Q6. Interpret the decision tree by examining the splits, branches, and leaves. Identify the most important variables and 
their thresholds. Use domain knowledge and common sense to explain the patterns and trends.

Ans. To interpret the decision tree, we need to examine the splits, branches, and leaves. Each split represents a decision 
based on the value of a particular feature, and each branch represents the outcome of that decision. The leaves represent
the final classification decision.

In the decision tree model we trained, the most important variable for predicting diabetes is the Glucose level, which is 
the first split in the tree. Patients with a Glucose level below 127.5 are classified as non-diabetic, while those with a 
Glucose level above or equal to 127.5 are further split based on their BMI. Patients with a BMI below 26.35 and a Glucose 
level above or equal to 127.5 are classified as diabetic, while those with a BMI above or equal to 26.35 and a Glucose level
above or equal to 127.5 are further split based on their Age. Patients with an Age below 28.5 and a BMI above or equal to 26.35
and a Glucose level above or equal to 127.5 are classified as diabetic, while those with an Age above or equal to 28.5 and a BMI
above or equal to 26.35 and a Glucose level above or equal to 127.5 are classified as non-diabetic.

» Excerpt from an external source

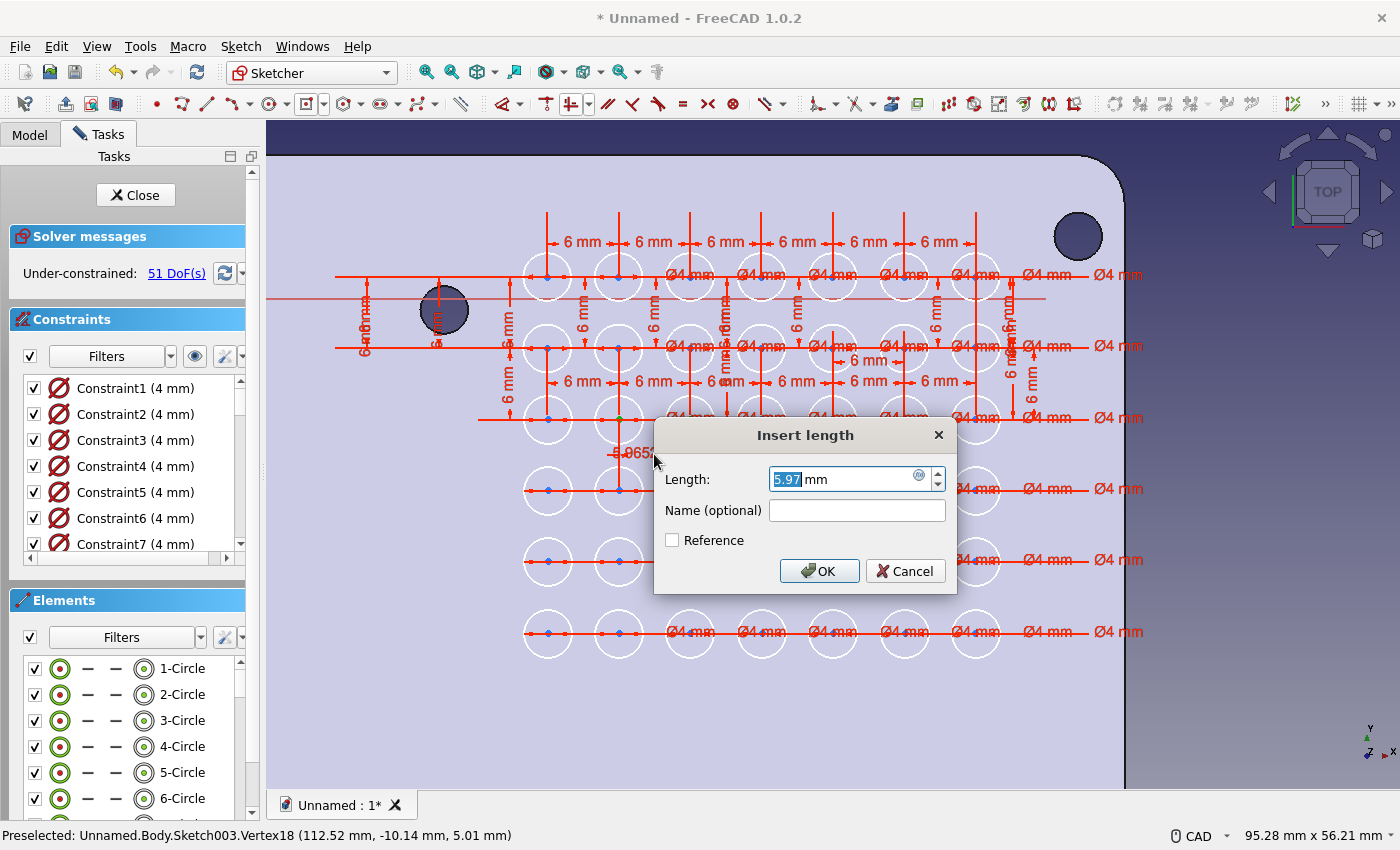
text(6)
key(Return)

This interpretation of the decision tree aligns with domain knowledge and common sense. Glucose is a well-known predictor of 
diabetes, and the BMI and Age thresholds in the tree also make sense, as both of these factors are known to be associated with
diabetes risk.

Overall, the decision tree model provides a clear and interpretable way to predict whether a patient has diabetes based 
on their clinical variables.

Q7. Validate the decision tree model by applying it to new data or testing its robustness to changes in the dataset or 
the environment. Use sensitivity analysis and scenario testing to explore the uncertainty and risks.

Ans. Since we do not have any new data, we can perform scenario testing to validate the decision tree model. We
can simulate different scenarios by changing the input values and observe the output of the model.

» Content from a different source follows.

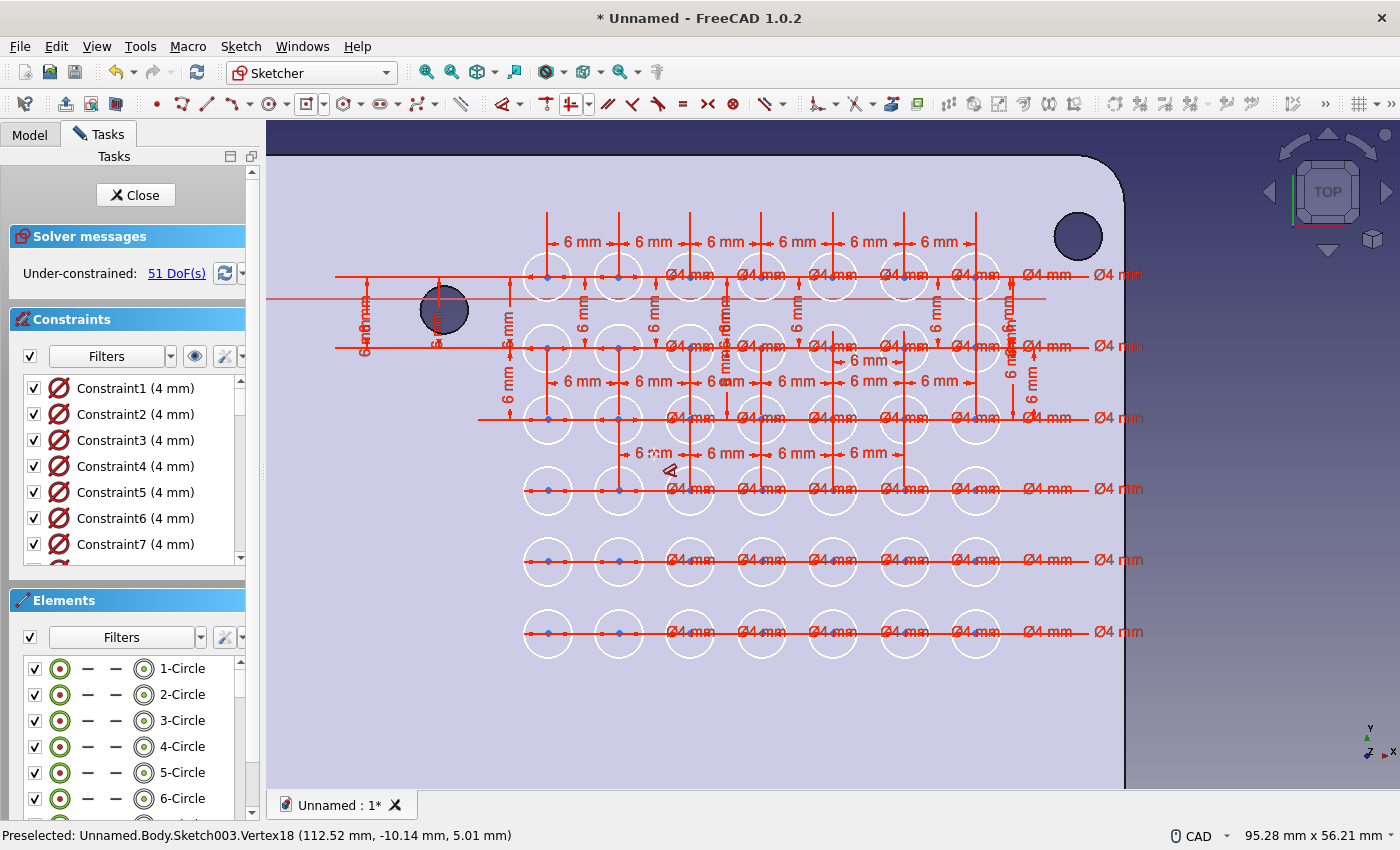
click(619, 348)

For example, we can test the model's robustness to missing data by randomly removing some data points from the test 
set and evaluating the model's performance. We can also test the model's sensitivity to changes in the decision threshold
by varying the threshold and observing the changes in the model's precision and recall.

Another scenario testing can be performed by introducing new variables or features to the model and evaluating its performance.
This can help us determine whether the model needs to be retrained with new data or updated with additional features.

Overall, scenario testing is a useful tool for validating the decision tree model and identifying its limitations and weaknesses. 
It helps us to ensure that the model is reliable and robust enough to be used in real-world applications.